4 | Ridge Regression Theory Ridge regression is very similar to LASSO regression in that it applies shrinking. Both Ridge and LASSO regression are well-suited for datasets that have an abundant amount of features which are not independent (collinearity) from one another, but the largest difference between the two is that Ridge utilizes L2 regularization, meaning that none of the coefficients become zero as they do in LASSO regression. Instead, the coefficients get closer and closer to zero, but do not have much incentive to reach it because of the nature of L2 regularization. Comparison of LASSO and Ridge errors. Because of ridge regression uses L2 regularization, its area resembles a circle, whereas LASSO’s L1 regularization draws straight lines.In LASSO, improving from an error of 5 to an error of 4 is weighted the same as an improvement from 4 to 3, as well as 3 to 2, 2 to 1, and 1 to 0. Hence, more coefficients reach 0 and more features are eliminated. In Ridge regression, however, an improvement from an error of 5 to an error of 4 is calculated as 5² — 4² = 9, whereas an improvement from 4 to 3 is only weighted as 7. Progressively, the reward for improving decreases; therefore, less features are eliminated. Because of this, generally, if you would like many variables each with a small effect to be prioritized, Ridge is the better choice. If a few variables each with a medium to large effect are desired to be considered in the model, LASSO is the better choice. Implementation Ridge regression can be implemented in sklearn as follows. Like LASSO regression, sklearn has an implementation for cross-validation selection of the best of many trained models.

from sklearn.linear_model import RidgeCV
model = Ridge()
model.fit(X_train, y_train)

5 | ElasticNet Regression Theory ElasticNet seeks to take the best from both Ridge Regression and LASSO Regression by combining L1 and L2 regularizations. LASSO and Ridge present two different methods of regularization. λ is the turning factor in both that controls the strength of the penalty.

• If λ = 0, the objective becomes similar to simple linear regression, achieving the same coefficients as simple linear regression.

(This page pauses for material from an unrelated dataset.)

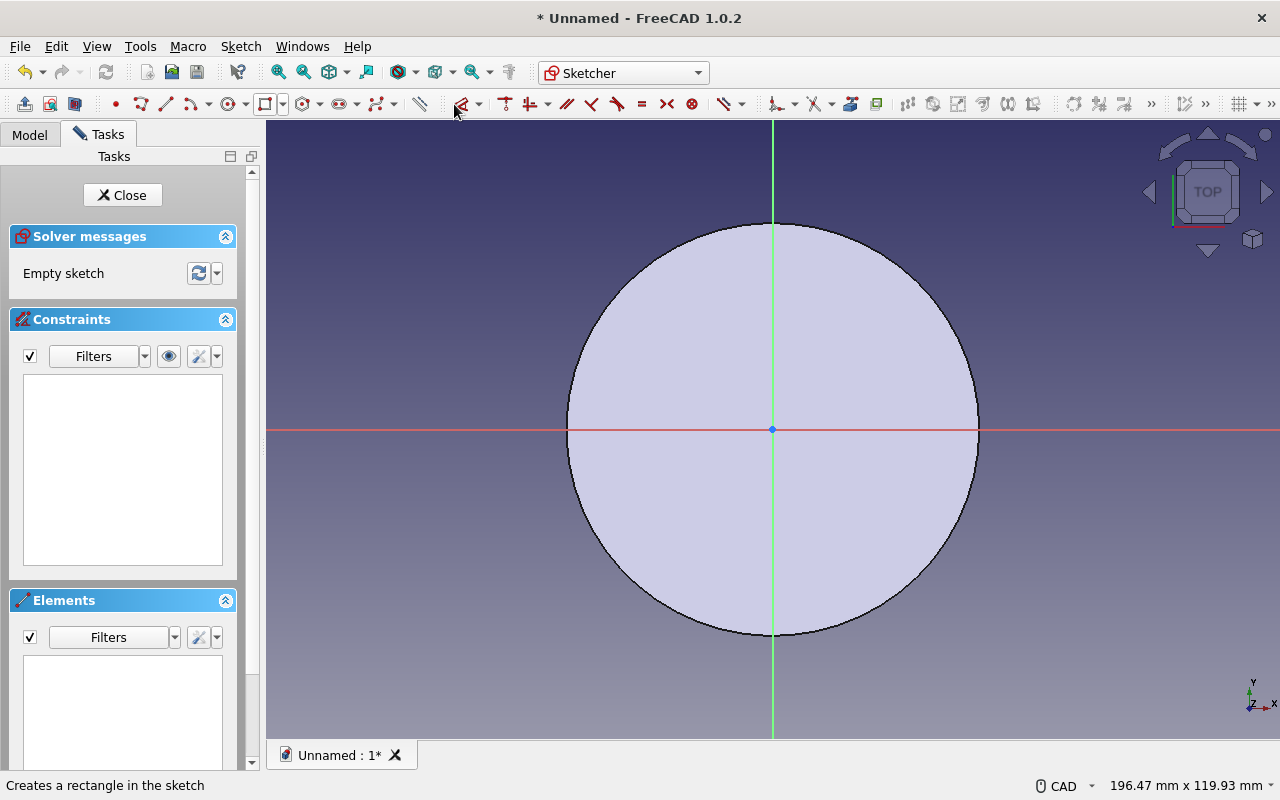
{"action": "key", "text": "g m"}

• If λ = ∞, the coefficients will be zero because of infinite weightage on the square of coefficients. Anything less than zero makes the objective infinite.

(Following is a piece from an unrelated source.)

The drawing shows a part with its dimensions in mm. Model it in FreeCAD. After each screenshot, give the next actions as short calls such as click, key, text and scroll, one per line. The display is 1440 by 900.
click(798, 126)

• If 0 < λ < ∞, the magnitude of λ decides the weightage given to the different parts of the objective.

In addition to the λ parameter, ElasticNet adds an additional parameter α, a measure of how ‘mixed’ the L1 and L2 regularizations should be. When α is equal to 0, the model is a purely ridge regression model, and when α is equal to 1, it is purely a LASSO regression model. The ‘mixing factor’ α simply determines how much of L1 and L2 regularization should be considered in the loss function. All three popular regression models — Ridge, LASSO, and ElasticNet — all aim at decreasing the size of their coefficients, each from different perspectives. Implementation ElasticNet can be implemented with sklearn’s cross-validation model:

from sklearn.linear_model import ElasticNetCV
model = ElasticNetCV()
model.fit(X_train, y_train)